===== Given entries =====

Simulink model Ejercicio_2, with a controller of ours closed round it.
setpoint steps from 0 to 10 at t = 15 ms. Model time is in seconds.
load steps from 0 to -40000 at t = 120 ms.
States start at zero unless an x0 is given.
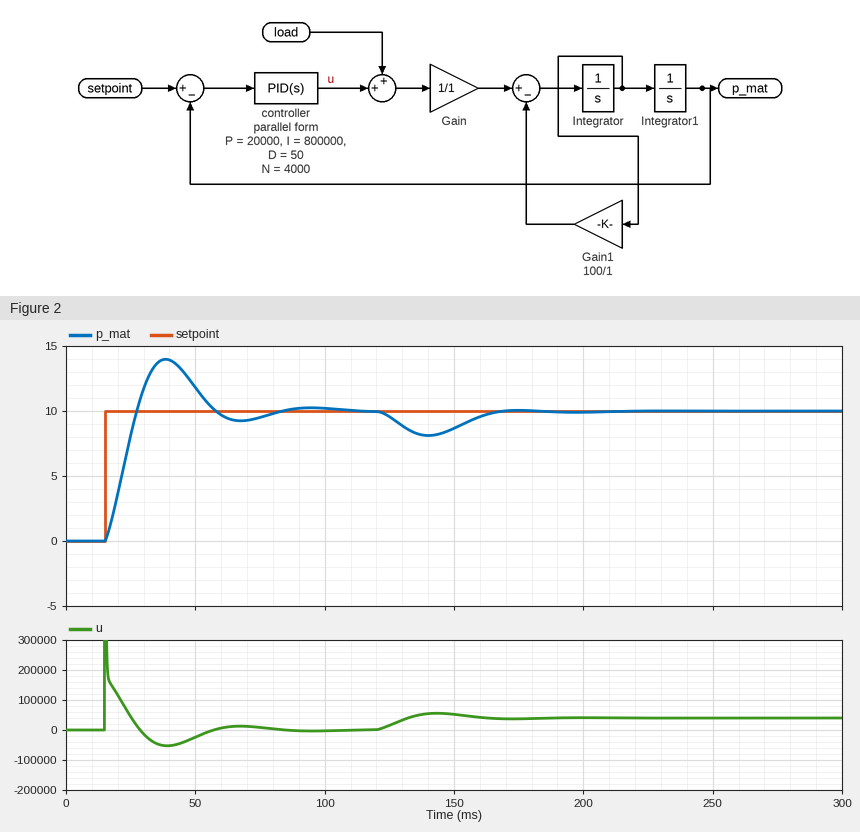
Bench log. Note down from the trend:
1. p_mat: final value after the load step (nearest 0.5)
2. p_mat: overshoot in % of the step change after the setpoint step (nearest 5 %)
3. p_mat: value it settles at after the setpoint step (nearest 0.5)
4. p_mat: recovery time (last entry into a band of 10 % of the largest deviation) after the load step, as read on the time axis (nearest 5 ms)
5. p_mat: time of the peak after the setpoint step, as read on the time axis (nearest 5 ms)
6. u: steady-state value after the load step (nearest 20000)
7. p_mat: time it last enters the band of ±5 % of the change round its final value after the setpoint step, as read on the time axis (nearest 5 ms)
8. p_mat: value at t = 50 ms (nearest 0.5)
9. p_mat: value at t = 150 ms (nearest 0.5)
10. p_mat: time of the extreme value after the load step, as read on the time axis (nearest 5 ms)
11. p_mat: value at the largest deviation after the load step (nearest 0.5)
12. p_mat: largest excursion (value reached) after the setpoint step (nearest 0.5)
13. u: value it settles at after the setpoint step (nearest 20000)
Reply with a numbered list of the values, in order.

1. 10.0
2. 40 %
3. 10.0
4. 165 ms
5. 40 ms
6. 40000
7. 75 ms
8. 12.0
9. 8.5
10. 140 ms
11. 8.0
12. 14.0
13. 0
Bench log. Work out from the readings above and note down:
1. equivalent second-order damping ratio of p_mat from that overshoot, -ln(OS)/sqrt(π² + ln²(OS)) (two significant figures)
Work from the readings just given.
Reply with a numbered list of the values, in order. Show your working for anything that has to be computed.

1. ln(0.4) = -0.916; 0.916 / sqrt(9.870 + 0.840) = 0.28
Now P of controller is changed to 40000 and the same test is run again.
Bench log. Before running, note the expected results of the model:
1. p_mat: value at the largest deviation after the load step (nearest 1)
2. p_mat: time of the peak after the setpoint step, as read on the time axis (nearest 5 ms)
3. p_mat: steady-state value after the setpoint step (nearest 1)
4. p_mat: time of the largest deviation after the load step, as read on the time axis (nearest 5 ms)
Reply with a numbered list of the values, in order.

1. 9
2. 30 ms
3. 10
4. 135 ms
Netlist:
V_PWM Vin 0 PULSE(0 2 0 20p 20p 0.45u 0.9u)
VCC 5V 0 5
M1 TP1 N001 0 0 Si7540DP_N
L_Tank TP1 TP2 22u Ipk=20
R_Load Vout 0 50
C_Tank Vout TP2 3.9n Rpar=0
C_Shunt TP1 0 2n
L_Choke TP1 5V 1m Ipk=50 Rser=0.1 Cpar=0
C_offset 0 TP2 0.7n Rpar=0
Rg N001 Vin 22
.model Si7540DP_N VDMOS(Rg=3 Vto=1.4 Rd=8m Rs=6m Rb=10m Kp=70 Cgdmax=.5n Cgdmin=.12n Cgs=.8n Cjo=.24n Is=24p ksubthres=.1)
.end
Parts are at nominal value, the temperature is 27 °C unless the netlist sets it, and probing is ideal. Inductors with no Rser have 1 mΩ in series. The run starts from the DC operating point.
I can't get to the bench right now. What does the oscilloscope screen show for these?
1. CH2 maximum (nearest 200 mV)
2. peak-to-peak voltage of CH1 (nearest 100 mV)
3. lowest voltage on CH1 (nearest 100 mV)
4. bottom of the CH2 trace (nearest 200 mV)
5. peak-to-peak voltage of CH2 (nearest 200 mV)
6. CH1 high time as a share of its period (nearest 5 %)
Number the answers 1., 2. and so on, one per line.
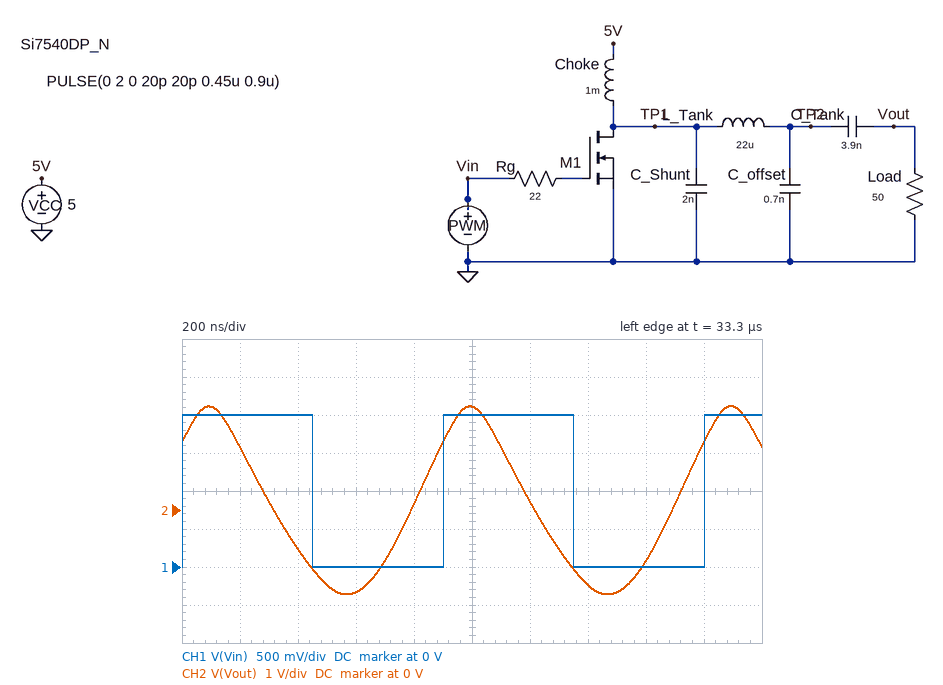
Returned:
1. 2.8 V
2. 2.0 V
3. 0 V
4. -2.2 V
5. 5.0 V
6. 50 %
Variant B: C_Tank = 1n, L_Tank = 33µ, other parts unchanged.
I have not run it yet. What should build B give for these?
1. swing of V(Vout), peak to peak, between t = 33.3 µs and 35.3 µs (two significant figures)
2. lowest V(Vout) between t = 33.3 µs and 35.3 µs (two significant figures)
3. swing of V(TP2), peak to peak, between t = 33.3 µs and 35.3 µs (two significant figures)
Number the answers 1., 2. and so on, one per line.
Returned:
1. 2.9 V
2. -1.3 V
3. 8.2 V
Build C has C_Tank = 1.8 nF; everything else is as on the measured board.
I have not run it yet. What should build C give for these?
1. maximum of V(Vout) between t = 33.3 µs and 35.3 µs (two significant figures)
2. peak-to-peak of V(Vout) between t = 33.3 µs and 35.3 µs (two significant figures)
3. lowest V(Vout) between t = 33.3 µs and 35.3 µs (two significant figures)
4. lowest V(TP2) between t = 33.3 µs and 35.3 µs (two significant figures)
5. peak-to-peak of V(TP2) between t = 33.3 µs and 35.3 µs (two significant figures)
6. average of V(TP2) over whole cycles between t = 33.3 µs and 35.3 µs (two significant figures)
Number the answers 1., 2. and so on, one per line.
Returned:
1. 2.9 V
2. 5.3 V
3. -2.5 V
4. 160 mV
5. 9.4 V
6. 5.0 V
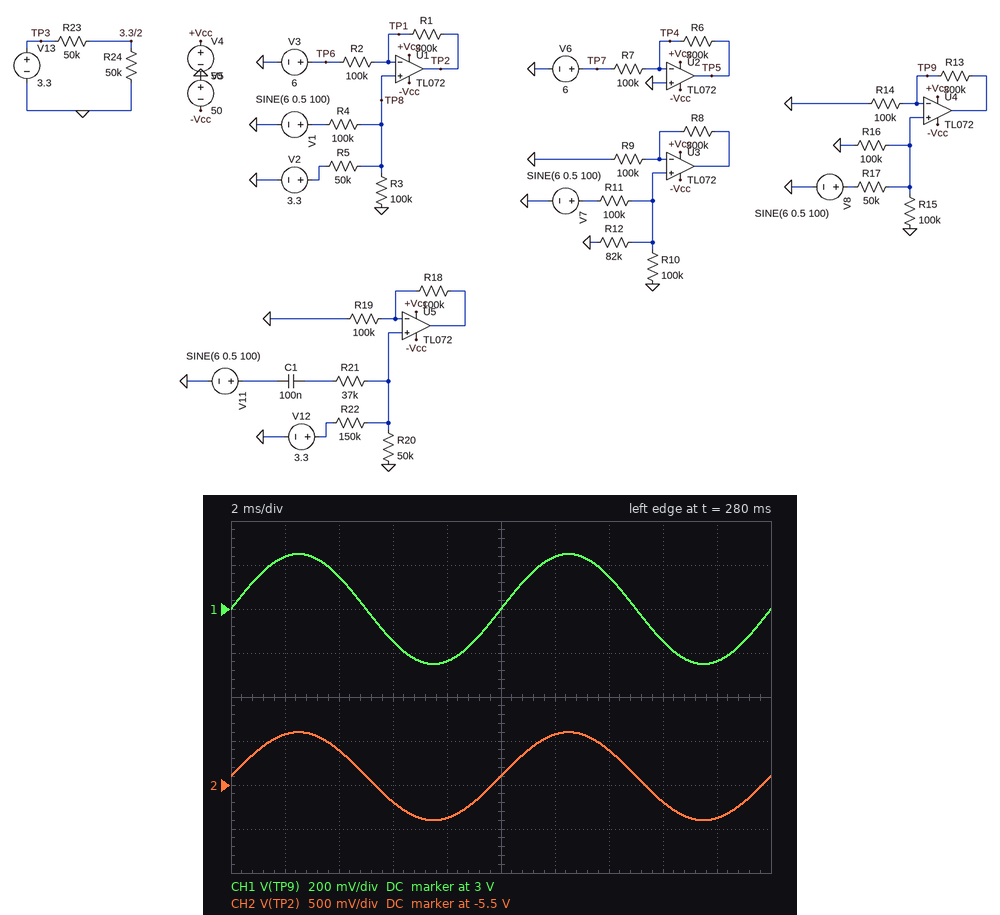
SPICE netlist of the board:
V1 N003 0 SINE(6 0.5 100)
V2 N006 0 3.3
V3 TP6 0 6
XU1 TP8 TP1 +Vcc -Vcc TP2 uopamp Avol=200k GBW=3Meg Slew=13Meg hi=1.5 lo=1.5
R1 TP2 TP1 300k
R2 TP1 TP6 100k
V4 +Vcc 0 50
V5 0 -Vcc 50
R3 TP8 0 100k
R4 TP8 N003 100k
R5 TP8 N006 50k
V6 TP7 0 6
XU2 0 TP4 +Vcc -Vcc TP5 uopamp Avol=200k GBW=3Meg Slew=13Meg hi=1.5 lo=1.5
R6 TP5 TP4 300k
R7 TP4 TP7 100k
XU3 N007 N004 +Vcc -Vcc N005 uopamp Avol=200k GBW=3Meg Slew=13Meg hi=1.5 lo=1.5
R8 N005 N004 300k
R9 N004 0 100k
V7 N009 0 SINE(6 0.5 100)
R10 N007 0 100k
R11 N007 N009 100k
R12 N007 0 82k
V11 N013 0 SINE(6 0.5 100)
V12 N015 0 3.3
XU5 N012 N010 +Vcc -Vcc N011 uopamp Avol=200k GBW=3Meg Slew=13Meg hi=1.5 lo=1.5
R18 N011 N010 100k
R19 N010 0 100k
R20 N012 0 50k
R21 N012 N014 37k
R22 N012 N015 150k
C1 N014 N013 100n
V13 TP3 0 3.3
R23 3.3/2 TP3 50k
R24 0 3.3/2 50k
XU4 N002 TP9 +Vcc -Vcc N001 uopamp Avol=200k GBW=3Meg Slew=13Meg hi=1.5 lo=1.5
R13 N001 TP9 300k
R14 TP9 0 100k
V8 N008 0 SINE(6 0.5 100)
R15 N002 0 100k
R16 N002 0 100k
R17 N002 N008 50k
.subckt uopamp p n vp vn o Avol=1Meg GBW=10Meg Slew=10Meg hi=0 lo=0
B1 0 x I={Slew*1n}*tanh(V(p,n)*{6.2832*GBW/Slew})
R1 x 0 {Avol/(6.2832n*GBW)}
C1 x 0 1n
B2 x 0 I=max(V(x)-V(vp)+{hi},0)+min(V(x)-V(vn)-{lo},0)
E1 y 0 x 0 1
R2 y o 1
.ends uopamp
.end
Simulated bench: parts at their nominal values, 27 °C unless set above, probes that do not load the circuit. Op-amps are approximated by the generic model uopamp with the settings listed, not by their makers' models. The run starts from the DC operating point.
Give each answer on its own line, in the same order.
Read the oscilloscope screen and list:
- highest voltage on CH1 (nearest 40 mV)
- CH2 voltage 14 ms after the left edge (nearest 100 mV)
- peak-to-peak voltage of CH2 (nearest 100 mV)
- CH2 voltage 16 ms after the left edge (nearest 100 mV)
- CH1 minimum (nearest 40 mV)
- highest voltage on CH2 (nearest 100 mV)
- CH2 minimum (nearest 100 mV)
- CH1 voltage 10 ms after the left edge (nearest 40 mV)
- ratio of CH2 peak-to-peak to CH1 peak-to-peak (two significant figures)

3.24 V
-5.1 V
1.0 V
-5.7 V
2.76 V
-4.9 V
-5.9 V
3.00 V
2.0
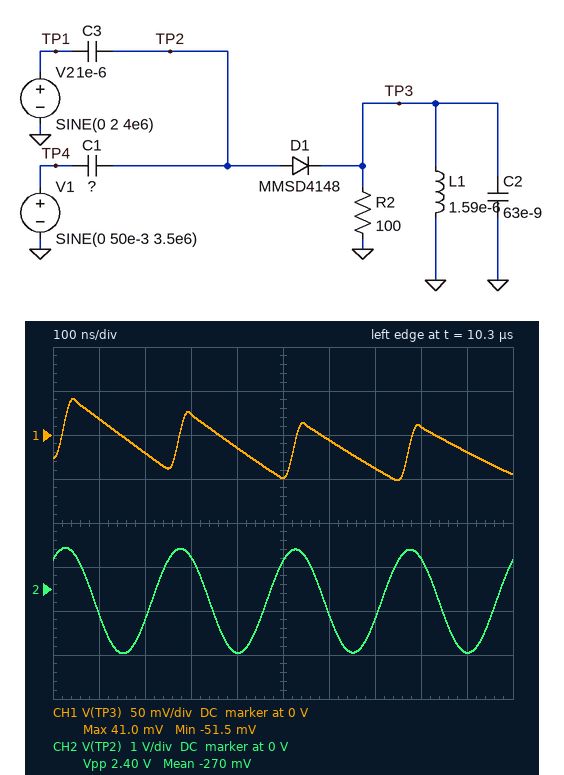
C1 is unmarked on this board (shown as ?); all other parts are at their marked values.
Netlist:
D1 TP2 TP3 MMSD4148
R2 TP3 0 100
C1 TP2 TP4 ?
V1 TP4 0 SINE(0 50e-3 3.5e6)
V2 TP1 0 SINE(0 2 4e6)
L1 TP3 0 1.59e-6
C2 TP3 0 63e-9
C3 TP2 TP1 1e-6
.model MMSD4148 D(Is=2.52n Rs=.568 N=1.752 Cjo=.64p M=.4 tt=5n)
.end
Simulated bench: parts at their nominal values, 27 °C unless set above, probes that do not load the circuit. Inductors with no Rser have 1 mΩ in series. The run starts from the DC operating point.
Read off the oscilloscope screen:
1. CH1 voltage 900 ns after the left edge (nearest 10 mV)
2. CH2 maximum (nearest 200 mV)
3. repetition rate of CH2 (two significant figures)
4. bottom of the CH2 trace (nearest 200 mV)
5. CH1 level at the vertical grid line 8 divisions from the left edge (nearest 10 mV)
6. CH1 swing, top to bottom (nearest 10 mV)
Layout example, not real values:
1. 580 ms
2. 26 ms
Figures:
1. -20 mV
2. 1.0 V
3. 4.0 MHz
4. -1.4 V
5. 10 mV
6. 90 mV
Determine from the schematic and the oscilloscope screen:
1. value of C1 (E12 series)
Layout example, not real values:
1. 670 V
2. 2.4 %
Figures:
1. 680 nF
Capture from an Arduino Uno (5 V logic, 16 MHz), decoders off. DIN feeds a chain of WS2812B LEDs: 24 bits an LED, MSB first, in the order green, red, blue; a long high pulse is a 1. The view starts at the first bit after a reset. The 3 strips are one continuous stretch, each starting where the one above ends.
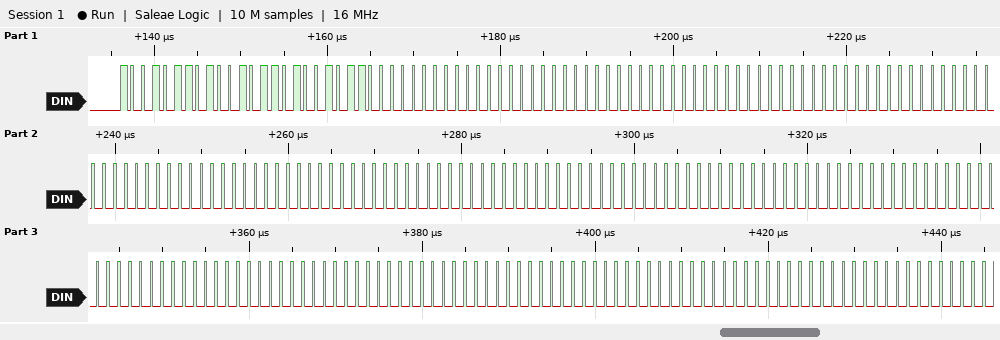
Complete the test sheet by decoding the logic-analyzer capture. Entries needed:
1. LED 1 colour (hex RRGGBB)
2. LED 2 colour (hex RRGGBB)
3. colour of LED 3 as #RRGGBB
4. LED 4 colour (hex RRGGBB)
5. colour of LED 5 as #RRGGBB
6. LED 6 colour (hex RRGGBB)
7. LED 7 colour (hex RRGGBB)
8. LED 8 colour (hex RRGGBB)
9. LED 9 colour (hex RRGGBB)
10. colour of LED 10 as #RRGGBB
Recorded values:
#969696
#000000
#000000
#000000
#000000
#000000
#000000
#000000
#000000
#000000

=====

Work order:
Return the span of lines in the data above that opens at the line with "13. u: value" and closes at the line with "Rg N001 Vin 22", exactly, ends included, nothing else.

Exercise answer:
13. u: value it settles at after the setpoint step (nearest 20000)
Reply with a numbered list of the values, in order.

1. 10.0
2. 40 %
3. 10.0
4. 165 ms
5. 40 ms
6. 40000
7. 75 ms
8. 12.0
9. 8.5
10. 140 ms
11. 8.0
12. 14.0
13. 0
Bench log. Work out from the readings above and note down:
1. equivalent second-order damping ratio of p_mat from that overshoot, -ln(OS)/sqrt(π² + ln²(OS)) (two significant figures)
Work from the readings just given.
Reply with a numbered list of the values, in order. Show your working for anything that has to be computed.

1. ln(0.4) = -0.916; 0.916 / sqrt(9.870 + 0.840) = 0.28
Now P of controller is changed to 40000 and the same test is run again.
Bench log. Before running, note the expected results of the model:
1. p_mat: value at the largest deviation after the load step (nearest 1)
2. p_mat: time of the peak after the setpoint step, as read on the time axis (nearest 5 ms)
3. p_mat: steady-state value after the setpoint step (nearest 1)
4. p_mat: time of the largest deviation after the load step, as read on the time axis (nearest 5 ms)
Reply with a numbered list of the values, in order.

1. 9
2. 30 ms
3. 10
4. 135 ms
Netlist:
V_PWM Vin 0 PULSE(0 2 0 20p 20p 0.45u 0.9u)
VCC 5V 0 5
M1 TP1 N001 0 0 Si7540DP_N
L_Tank TP1 TP2 22u Ipk=20
R_Load Vout 0 50
C_Tank Vout TP2 3.9n Rpar=0
C_Shunt TP1 0 2n
L_Choke TP1 5V 1m Ipk=50 Rser=0.1 Cpar=0
C_offset 0 TP2 0.7n Rpar=0
Rg N001 Vin 22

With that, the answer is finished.